[Records from a dataset]
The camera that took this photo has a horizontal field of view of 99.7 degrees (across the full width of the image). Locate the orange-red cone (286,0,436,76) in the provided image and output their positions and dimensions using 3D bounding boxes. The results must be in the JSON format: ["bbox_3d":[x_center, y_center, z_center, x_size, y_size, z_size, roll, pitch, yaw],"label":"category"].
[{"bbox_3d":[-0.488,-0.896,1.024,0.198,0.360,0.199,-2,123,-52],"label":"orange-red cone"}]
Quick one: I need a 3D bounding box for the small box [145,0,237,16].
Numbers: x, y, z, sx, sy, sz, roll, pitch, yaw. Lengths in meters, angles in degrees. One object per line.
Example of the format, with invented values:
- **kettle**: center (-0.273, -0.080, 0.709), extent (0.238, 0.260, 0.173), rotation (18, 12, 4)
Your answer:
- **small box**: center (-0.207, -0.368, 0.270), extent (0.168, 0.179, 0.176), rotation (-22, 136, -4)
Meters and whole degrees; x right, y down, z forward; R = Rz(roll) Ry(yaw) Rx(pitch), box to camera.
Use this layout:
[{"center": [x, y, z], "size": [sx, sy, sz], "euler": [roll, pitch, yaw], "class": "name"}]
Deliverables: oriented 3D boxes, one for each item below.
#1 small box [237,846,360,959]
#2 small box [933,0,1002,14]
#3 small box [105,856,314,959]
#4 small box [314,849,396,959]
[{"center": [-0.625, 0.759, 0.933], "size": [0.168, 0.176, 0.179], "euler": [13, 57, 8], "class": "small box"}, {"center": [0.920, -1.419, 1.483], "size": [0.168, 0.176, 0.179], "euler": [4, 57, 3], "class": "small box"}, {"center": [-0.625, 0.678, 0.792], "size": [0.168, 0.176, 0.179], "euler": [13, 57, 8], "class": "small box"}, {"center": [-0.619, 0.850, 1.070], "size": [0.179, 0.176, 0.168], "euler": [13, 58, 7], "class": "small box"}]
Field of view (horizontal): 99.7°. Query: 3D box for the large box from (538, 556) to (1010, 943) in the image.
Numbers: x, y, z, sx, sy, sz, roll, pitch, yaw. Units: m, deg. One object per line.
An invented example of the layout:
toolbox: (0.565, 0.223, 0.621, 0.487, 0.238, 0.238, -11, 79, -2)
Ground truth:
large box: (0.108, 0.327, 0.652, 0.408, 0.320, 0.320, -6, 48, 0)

PROBLEM STATEMENT → One number makes up the answer: the number of lines among the entries that include the word "Numbers".

ANSWER TO THIS TASK → 2